▶ _What needs to be done_
If a record holds a picture, drop the picture and repeat everything else word for word.

━━━━━━━━━━━━━━━━━━━━

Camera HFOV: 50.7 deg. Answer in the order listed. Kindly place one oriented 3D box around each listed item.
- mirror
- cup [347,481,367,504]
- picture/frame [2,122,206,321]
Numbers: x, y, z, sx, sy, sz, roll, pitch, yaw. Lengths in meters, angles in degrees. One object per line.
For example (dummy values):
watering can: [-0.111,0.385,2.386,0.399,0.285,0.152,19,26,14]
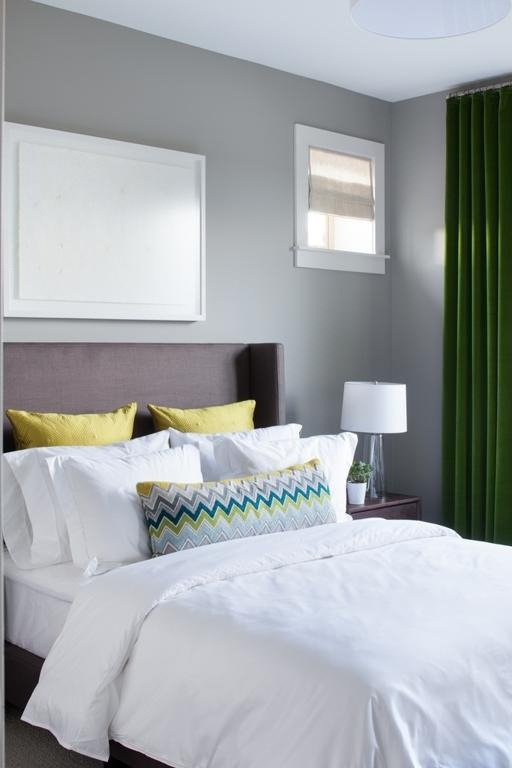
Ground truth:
mirror: [0.517,-1.217,3.524,0.915,1.321,0.118,2,-2,-43]
cup: [0.567,0.616,3.088,0.098,0.116,0.103,-1,-6,0]
picture/frame: [-0.739,-0.754,2.517,1.020,0.946,0.046,2,-4,-41]
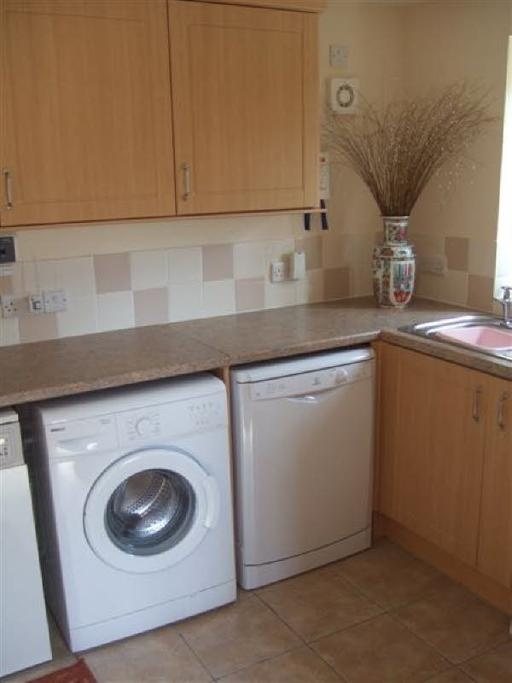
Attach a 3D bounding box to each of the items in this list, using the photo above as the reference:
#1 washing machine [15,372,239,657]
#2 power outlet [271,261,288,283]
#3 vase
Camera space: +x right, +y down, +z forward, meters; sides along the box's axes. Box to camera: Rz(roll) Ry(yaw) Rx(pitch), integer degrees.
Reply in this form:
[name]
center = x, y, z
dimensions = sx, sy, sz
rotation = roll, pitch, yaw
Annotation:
[washing machine]
center = -0.431, 0.414, 1.693
dimensions = 0.491, 0.889, 0.585
rotation = -8, 16, -27
[power outlet]
center = 0.104, -0.332, 2.391
dimensions = 0.094, 0.095, 0.027
rotation = -6, 7, -44
[vase]
center = 0.621, -0.356, 2.306
dimensions = 0.179, 0.406, 0.171
rotation = -1, 5, 6
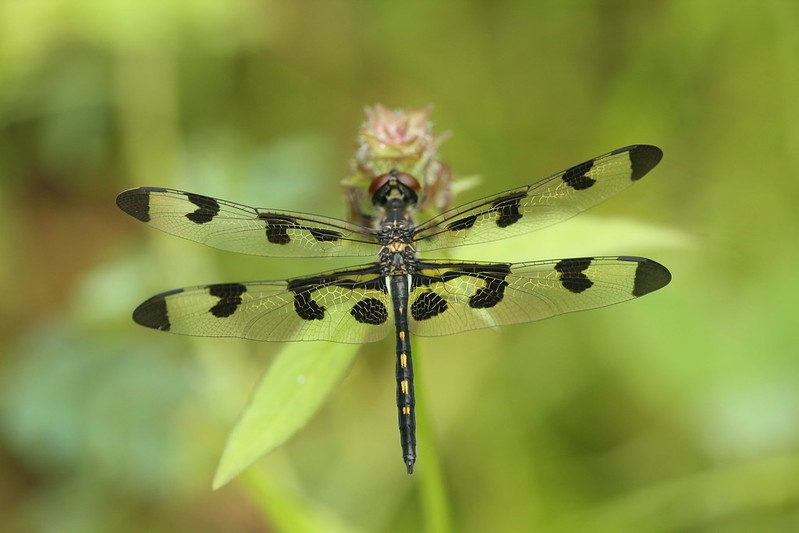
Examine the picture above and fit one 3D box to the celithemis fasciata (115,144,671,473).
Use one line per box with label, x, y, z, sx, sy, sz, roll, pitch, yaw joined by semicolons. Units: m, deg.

━━━━━━━━━━━━━━━━━━━━

▶ _Exercise result_
Camera HFOV: 50.7 deg. Answer in the order listed. Kindly place one oriented 3D box around each listed item.
- mirror
- cup [347,481,367,504]
- picture/frame [2,122,206,321]
Numbers: x, y, z, sx, sy, sz, roll, pitch, yaw. Lengths in meters, angles in degrees. One object per line.
For example (dummy values):
watering can: [-0.111,0.385,2.386,0.399,0.285,0.152,19,26,14]
Ground truth:
mirror: [0.517,-1.217,3.524,0.915,1.321,0.118,2,-2,-43]
cup: [0.567,0.616,3.088,0.098,0.116,0.103,-1,-6,0]
picture/frame: [-0.739,-0.754,2.517,1.020,0.946,0.046,2,-4,-41]
Attach a 3D bounding box to each of the items in this list, using the photo above as the reference:
#1 washing machine [15,372,239,657]
#2 power outlet [271,261,288,283]
#3 vase
Camera space: +x right, +y down, +z forward, meters; sides along the box's axes. Box to camera: Rz(roll) Ry(yaw) Rx(pitch), integer degrees.
Reply in this form:
[name]
center = x, y, z
dimensions = sx, sy, sz
rotation = roll, pitch, yaw
Annotation:
[washing machine]
center = -0.431, 0.414, 1.693
dimensions = 0.491, 0.889, 0.585
rotation = -8, 16, -27
[power outlet]
center = 0.104, -0.332, 2.391
dimensions = 0.094, 0.095, 0.027
rotation = -6, 7, -44
[vase]
center = 0.621, -0.356, 2.306
dimensions = 0.179, 0.406, 0.171
rotation = -1, 5, 6
Examine the picture above and fit one 3D box to the celithemis fasciata (115,144,671,473).
Use one line per box with label, x, y, z, sx, sy, sz, roll, pitch, yaw joined by semicolons. Units: m, deg.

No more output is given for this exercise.